Well, now that I have done what I was not supposed to, is there anything I need to do to undo what I have done. I made sure to limit any residue from getting into the nooks and crannies by wiping it out often while sanding and then cleaning it with the cleaner dripping out and away from the mechanisms in that area. (It's almost like I knew not to be sanding in there and I did it anyway!) It is baby butt smooth and if I could stick my cheek in there and rub it around I would. 

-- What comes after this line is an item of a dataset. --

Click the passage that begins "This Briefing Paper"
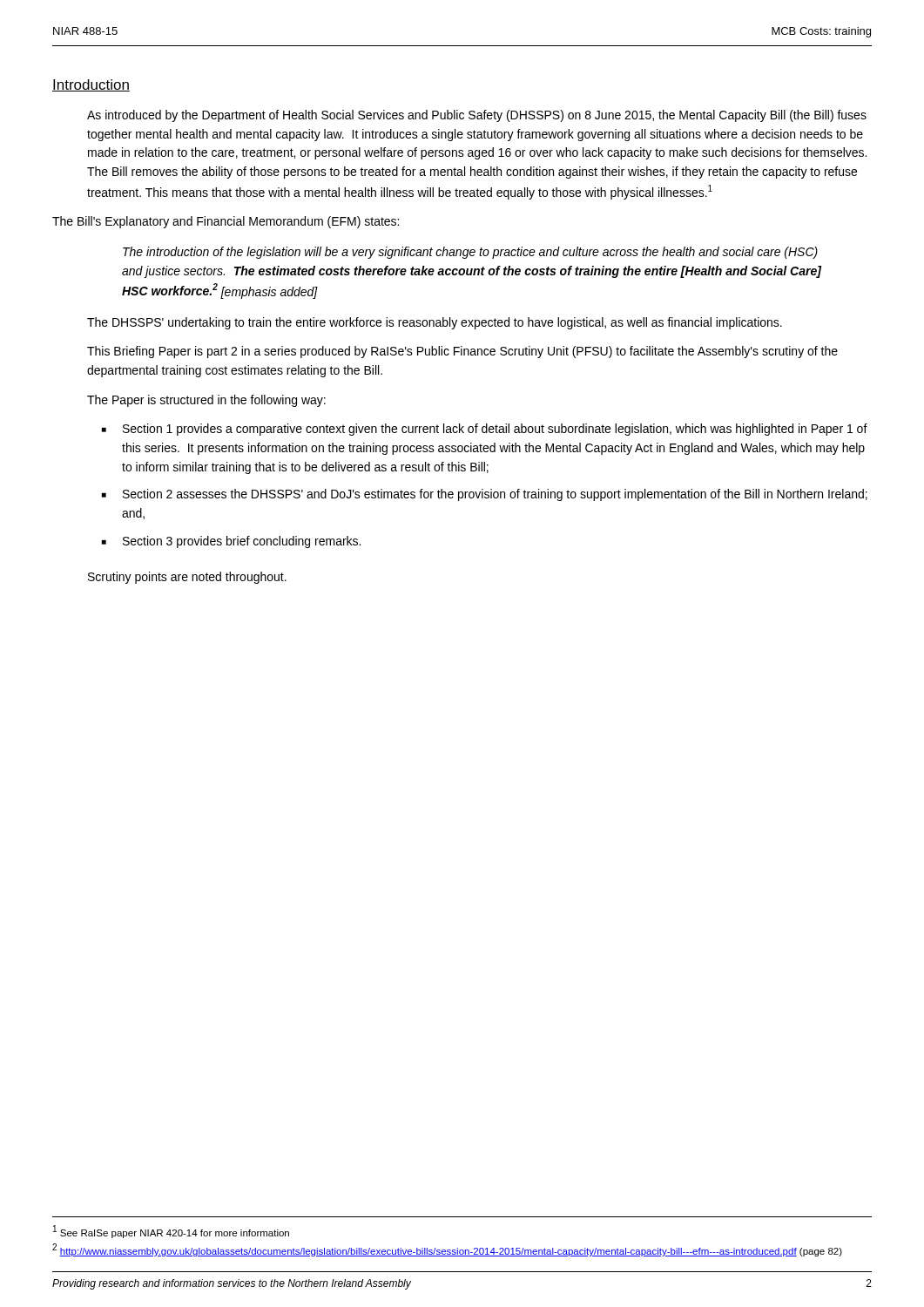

Thanks for the advice and taking time to reply. I'll know the next time I need to "POLISH", P-O-L-I-S-H, the inside of my gun.

Jeff


----------



## SAWMAN (May 24, 2010)

*P o l i s h !!*

Jeff, if it were me I would still polish in the manner described above. If you cannot get a small wheel in there you could use some Flitz metal polish or I have even heard of some people using one of the more abrasive toothpaste's. Put some on a cotton swab and back and forth it a couple hundred times. The more the better. --- SAWMAN


----------



## jeff456 (Sep 28, 2007)

Thanks for the reply Sawman. That sounds like a lot of work polishing with a Q-tip. I guess I'm gonna tell my wife the guys on the forum said that is how she needs to do it! I'll be sure to check her work..... Thanks for the help!

Jeff


----------



## scubapro (Nov 27, 2010)

I've got a battery powered dremel, felt wheel & metal polishing cream. Give me a shout tomorrow & we can meet up for the "treatment" if you'd like...


----------



## jeff456 (Sep 28, 2007)

Scubapro, that's a very nice offer! I appreciate it. Luckily I am borrowing one from my brother tomorrow when we go to work so I'm good and my wife is off the hook trying to use Q-tips. 

Thanks again guys!

Jeff


----------